If barriers have not yet been deployed by Warning stage, prioritise the opening most likely to admit water first — typically the door closest to where surface water accumulates on your block — rather than attempting to cover every entry at once.

What flood barriers and sandbags do you need?

The right product depends on the opening type, expected water depth, and whether the property is attended during a flood event. The following breakdown covers the most common scenarios.

For homes

Front and rear doors: Oxford barriers are the most practical general-purpose residential solution. Each 2-pack adjusts from 150 mm to 1,300 mm wide and protects against depths up to 900 mm. At 5.3 kg, the set stores flat in a cupboard and can be deployed without tools by one person in a few minutes.

Garage roller doors: Link two or three Oxford barrier 2-packs end-to-end for full-width coverage of a single or double garage bay. Add water-activated sandbags along the base to seal the gap between the roller door seal and the concrete floor — the irregular contact point that rigid barriers alone cannot fully bridge.

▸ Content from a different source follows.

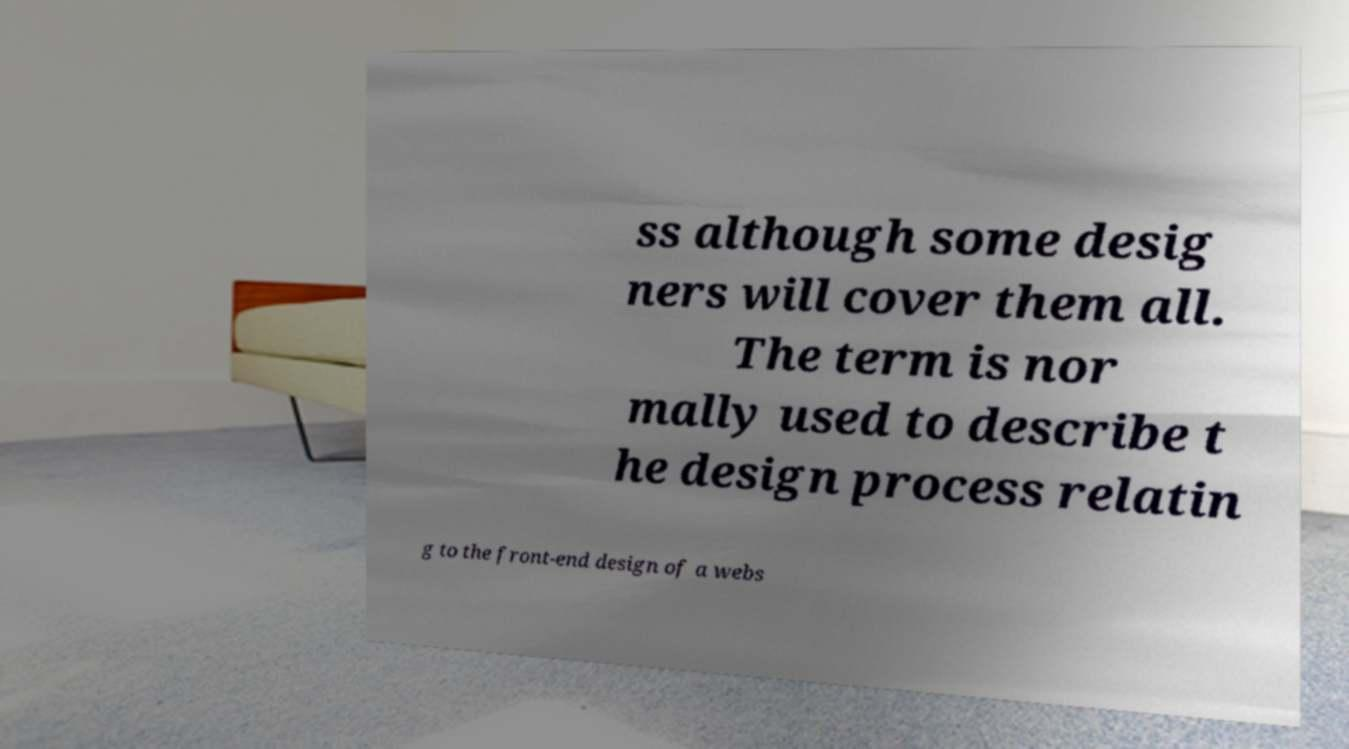There's text embedded in this image that I need extracted. Can you transcribe it verbatim? ss although some desig ners will cover them all. The term is nor mally used to describe t he design process relatin g to the front-end design of a webs

Sliding glass doors and low-threshold entries: Oxford barriers or water-activated sandbags both provide effective protection for moderate depths. For entries that flood regularly each season, or where depths above 600 mm are expected, aluminium flood barriers offer a 25-plus year lifespan with a watertight rubber seal and one-person deployment in under 10 minutes.

For businesses

Shopfronts and retail entrances: Aluminium demountable barriers seal doorways up to 3,000 mm wide and 1,000 mm high with a watertight rubber seal. A standard set deploys in under 10 minutes and is reusable for decades. From $890 per set.

Warehouses and loading bays: ABS portable flood barriers suit wide roller doors and loading bay entries. The 8-panel modular format configures to any opening size and deploys manually without tools. Multiple packs can be linked for openings wider than a single bay.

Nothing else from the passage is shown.